This was in 1893, decades before the Marxist-Leninist revolution in the erstwhile Soviet Union. According to him, the proletariat may appear to be docile and immobile, but whoever succeeds in understanding the proletariat and arousing them will be the master of India’s destiny. This was a very crucial statement, because sometimes the Indian freedom struggle had been labeled as a ‘bhadralok movement’ or an elitist movement.
Among the radical nationalists, Aurobindo was the first person to take the movement out of the drawing room and onto the streets, minds and hearts of the Indian people. As a radical, Aurobindo was the exponent of the ideological concept of ‘poorna swaraj’ or complete independence theme, as rightly said by Lokmanya Tilak, “Swaraj is my birth right and I shall have it.”

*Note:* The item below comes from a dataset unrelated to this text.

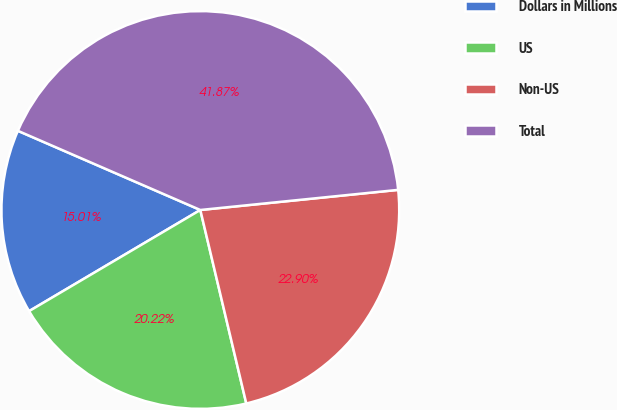Convert chart to OTSL. <chart><loc_0><loc_0><loc_500><loc_500><pie_chart><fcel>Dollars in Millions<fcel>US<fcel>Non-US<fcel>Total<nl><fcel>15.01%<fcel>20.22%<fcel>22.9%<fcel>41.87%<nl></chart>

Lastly, a very important point to remember is that Aurobindo always placed India’s freedom in the larger context of the destiny of the human race. This fact is most remarkable because revolutionaries talk only about their own country. However, Sri Aurobindo always had a deeper vision of what India should do for humanity. In fact, he said that India has to be free in order to play its role in the emancipation of the human race.
Politics for him was an aspect of the broader process of personal, national and international spiritual development. He looked upon Indian independence as an essential turn in the life of this ancient land for playing the role of a spiritual guide of humanity at large. He believed this was India’s predetermined role and that she could rise to that level only through the teachings of the ‘Santan’ religion of India. Nationalism cannot afford to neglect anyone.
Sri Aurobindo's Spiritual Realisations
At Pondicherry, Sri Aurobindo developed a spiritual practice he called Integral Yoga. Central to Integral yoga is the idea that Spirit manifests itself in a process of involution, meanwhile forgetting its origins. The reverse process of evolution is driven toward a complete manifestation of spirit.
According to Sri Aurobindo, the current status of human evolution is an intermediate stage in the evolution of being, which is on its way to the unfolding of the spirit, and the self-revelation of divinity in all things.[2] Yoga is a rapid and concentrated evolution of being, which can take effect in one life-time, while unassisted natural evolution would take many centuries or many births.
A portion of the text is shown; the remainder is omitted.